Schematic diagram for the site of anastomotic leakage. Antiperistaltic SSSA (A) and isoperistaltic SSSA (B). The site of anastomotic leakage was at the intersection of 2 staple lines—one was created by anastomotic stapler, and the other was created by closing the common enterotomy.

Several limitations of this study should be considered. First, this was a retrospective study, and the patients were not grouped randomly. Recall and selection biases are definitely present. Our conclusion needs to be further confirmed by randomized controlled trials. Second, we applied traditional perioperative management instead of the ERAS protocol for all the patients in this study.
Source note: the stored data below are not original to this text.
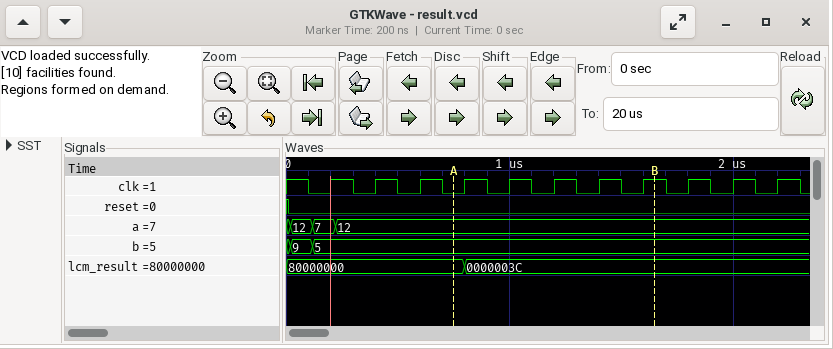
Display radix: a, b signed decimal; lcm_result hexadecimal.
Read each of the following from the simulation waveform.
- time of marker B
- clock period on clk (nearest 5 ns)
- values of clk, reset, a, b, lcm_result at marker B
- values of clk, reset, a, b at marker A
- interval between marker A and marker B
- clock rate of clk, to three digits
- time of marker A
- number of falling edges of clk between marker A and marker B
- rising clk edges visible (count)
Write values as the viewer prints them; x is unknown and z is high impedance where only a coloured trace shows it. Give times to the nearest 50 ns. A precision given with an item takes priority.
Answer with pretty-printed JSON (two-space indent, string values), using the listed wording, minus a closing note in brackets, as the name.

{
  "time of marker B": "1650 ns",
  "clock period on clk": "200 ns",
  "values of clk, reset, a, b, lcm_result at marker B": "clk=1, reset=0, a=12, b=5, lcm_result=0000003C",
  "values of clk, reset, a, b at marker A": "clk=0, reset=0, a=12, b=5",
  "interval between marker A and marker B": "900 ns",
  "clock rate of clk, to three digits": "5.00 MHz",
  "time of marker A": "750 ns",
  "number of falling edges of clk between marker A and marker B": "4",
  "rising clk edges visible": "11"
}
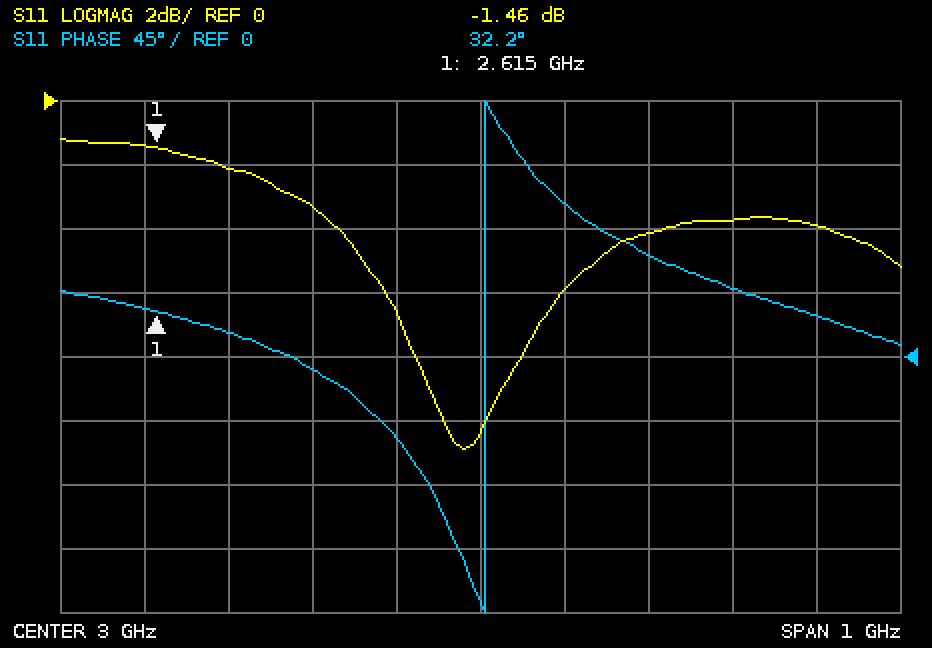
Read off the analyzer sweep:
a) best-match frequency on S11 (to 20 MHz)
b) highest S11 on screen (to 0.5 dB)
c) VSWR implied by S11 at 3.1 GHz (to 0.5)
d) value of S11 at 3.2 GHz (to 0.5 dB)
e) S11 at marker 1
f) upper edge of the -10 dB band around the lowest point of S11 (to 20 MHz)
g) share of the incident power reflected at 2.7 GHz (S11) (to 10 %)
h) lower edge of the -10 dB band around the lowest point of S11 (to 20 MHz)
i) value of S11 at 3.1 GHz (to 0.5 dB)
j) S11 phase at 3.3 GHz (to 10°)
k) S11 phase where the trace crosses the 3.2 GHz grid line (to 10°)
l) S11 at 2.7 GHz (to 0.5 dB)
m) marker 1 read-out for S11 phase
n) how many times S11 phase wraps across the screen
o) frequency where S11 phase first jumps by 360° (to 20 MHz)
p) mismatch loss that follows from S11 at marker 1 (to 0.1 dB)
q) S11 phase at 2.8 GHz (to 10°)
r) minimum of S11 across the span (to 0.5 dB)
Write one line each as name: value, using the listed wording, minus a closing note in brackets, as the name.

best-match frequency on S11: 2.98 GHz
highest S11 on screen: -1.0 dB
VSWR implied by S11 at 3.1 GHz: 3.0
value of S11 at 3.2 GHz: -4.0 dB
S11 at marker 1: -1.46 dB
upper edge of the -10 dB band around the lowest point of S11: 3.00 GHz
share of the incident power reflected at 2.7 GHz (S11): 60 %
lower edge of the -10 dB band around the lowest point of S11: 2.96 GHz
value of S11 at 3.1 GHz: -6.0 dB
S11 phase at 3.3 GHz: 50°
S11 phase where the trace crosses the 3.2 GHz grid line: 70°
S11 at 2.7 GHz: -2.0 dB
marker 1 read-out for S11 phase: 32.2°
how many times S11 phase wraps across the screen: 1
frequency where S11 phase first jumps by 360°: 3.00 GHz
mismatch loss that follows from S11 at marker 1: 5.4 dB
S11 phase at 2.8 GHz: -10°
minimum of S11 across the span: -11.0 dB
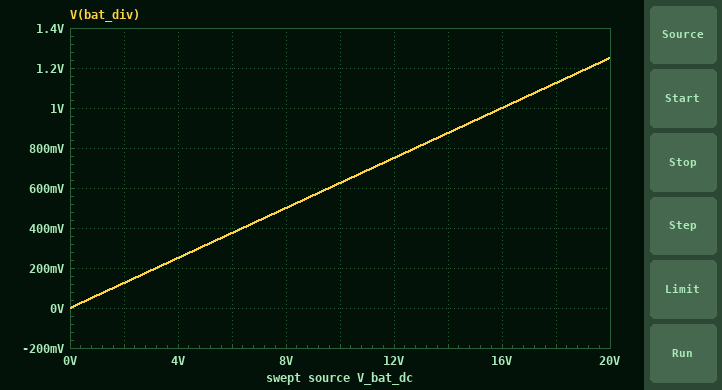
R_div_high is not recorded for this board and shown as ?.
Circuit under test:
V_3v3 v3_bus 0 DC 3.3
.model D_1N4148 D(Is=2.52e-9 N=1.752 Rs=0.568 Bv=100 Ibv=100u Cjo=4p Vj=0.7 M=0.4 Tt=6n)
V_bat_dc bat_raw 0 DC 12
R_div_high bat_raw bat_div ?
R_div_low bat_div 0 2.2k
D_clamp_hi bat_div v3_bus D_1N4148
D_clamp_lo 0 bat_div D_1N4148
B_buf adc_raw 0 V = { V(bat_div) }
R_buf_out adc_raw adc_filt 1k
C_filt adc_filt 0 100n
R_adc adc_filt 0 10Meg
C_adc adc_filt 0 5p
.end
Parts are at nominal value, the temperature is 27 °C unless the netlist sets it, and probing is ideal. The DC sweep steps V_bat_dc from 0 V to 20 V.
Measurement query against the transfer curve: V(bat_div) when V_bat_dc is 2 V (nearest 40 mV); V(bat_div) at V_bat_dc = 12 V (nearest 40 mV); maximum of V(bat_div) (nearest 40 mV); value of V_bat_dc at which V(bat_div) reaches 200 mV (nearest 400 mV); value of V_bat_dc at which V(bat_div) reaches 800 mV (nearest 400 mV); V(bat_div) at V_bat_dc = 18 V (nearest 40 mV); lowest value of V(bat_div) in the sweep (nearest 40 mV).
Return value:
120 mV
760 mV
1.24 V
3.2 V
12.8 V
1.12 V
0 V
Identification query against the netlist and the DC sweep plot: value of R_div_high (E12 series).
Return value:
33 kΩ
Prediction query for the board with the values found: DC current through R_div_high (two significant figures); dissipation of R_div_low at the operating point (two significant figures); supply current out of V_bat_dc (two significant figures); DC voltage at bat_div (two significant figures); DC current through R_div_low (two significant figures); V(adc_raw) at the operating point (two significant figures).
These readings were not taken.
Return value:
340 µA
260 µW
340 µA
750 mV
340 µA
750 mV
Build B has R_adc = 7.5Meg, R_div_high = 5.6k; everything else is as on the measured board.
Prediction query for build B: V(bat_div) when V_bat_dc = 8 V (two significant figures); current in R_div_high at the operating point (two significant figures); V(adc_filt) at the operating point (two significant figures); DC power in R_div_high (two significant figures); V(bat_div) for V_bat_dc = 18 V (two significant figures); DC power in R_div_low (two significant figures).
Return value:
2.3 V
1.5 mA
3.4 V
13 mW
3.9 V
5.2 mW
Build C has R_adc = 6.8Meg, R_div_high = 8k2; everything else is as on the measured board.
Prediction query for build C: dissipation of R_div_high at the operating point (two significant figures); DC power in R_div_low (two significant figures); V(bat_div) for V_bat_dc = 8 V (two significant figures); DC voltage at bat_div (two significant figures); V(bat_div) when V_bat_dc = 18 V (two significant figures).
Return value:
11 mW
2.9 mW
1.7 V
2.5 V
3.7 V
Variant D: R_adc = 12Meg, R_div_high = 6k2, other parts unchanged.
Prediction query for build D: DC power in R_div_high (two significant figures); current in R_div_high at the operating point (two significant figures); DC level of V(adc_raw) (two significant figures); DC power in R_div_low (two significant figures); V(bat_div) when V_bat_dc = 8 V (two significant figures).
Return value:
13 mW
1.4 mA
3.1 V
4.5 mW
2.1 V

Consequently, the parameters of time to recovery were slightly longer in this study than in those that applied the ERAS protocol.

In conclusion, for laparoscopic right colectomy, intracorporeal isoperistaltic totally SSSA achieved a similar short-term outcome to antiperistaltic totally SSSA. Both modalities are safe and feasible.
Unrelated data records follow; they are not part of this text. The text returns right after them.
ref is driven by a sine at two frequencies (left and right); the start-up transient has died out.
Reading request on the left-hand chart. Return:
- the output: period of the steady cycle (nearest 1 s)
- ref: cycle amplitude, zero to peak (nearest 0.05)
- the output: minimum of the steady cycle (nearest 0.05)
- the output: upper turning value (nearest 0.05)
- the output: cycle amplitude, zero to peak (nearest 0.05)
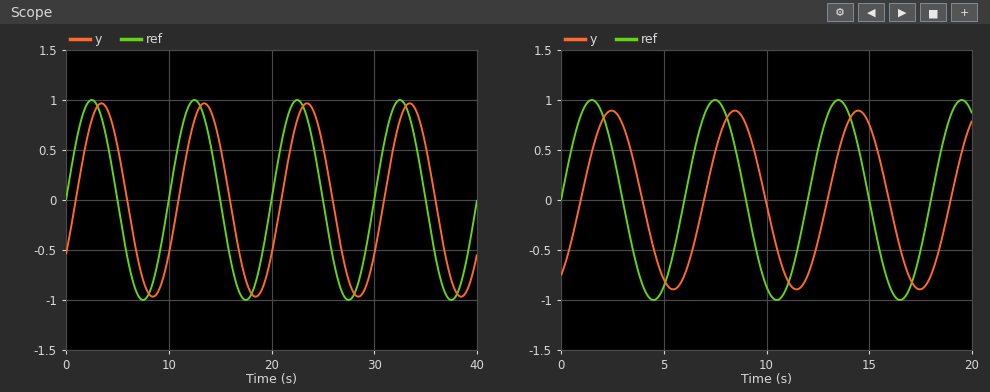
10 s
1.00
-0.95
0.95
0.95
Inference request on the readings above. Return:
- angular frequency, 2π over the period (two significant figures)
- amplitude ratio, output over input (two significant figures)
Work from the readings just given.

0.63 rad/s
0.95
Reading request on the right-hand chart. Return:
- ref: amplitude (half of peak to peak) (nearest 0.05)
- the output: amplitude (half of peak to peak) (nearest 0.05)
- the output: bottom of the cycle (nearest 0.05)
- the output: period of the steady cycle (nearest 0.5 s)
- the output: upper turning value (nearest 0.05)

1.00
0.90
-0.90
6.0 s
0.90
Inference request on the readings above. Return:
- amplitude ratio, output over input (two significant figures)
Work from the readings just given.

0.90
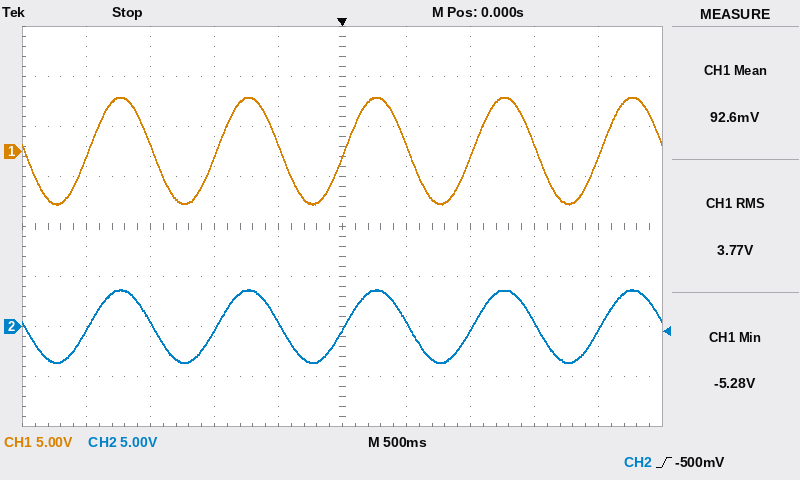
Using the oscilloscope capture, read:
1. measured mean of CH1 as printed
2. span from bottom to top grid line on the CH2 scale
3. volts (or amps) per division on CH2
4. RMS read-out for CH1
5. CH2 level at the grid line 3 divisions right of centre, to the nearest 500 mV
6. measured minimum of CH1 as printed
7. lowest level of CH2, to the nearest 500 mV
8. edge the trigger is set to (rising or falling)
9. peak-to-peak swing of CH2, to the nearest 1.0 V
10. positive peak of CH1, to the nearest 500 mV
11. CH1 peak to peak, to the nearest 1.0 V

92.6 mV
40 V
5 V
3.77 V
500 mV
-5.28 V
-3.5 V
rising
7.0 V
5.5 V
11.0 V

The following are the supplementary data related to this article.

Table S1

Selection of anastomotic configuration for each surgeon

Disclosures

Author Contribution

Conception and design: XSW and MGZ; administrative support: XSW, HTZ, and ZXZ; provision of study materials or patients: XSW, HTZ, ZL (Zheng Liu), and ZXZ; collection and assembly of data: MGZ and ZL (Zhao Lu); data analysis and interpretation: MGZ, XYH, and ZL; manuscript written: MGZ; manuscript revision: MGZ, ZL (Zhao Lu), ZL (Zheng Liu), XYH, ZXZ, HTZ, and XSW.

Conflict of Interest

No authors have conflicts of interest or financial ties to disclose.

Funding Source

This work is supported by National Key R&D Program of China (2017YFC0908200, 2017YFC0908203), CAMS Initiative for Innovative Medicine (CAMS-I2M-001, CAMS-I2M-003), Beijing Science and Technology Program (D17110002617004), and Non-profit Central Research Institute Fund of Chinese Academy of Medical Sciences (2021-RC310-009).

Availability of Data and Material

All the clinical data were collected from electronic records system of Cancer Hospital Chinese Academy of Medical Sciences.

Ethics Approval

There is no potential conflict of interest. This study involved human participants and was approved by Ethics Committee of National Cancer Center/Cancer Hospital, Chinese Academy of Medical Sciences and Peking Union Medical College. The reference number is NCC201803009. This study complies with the Declaration of Helsinki. All the participated patients signed informed consent.

Consent to Participate

All the patients were informed during the follow-up, and they agreed to join this research.

Consent for Publication

Written informed consent for publication was obtained from all participants.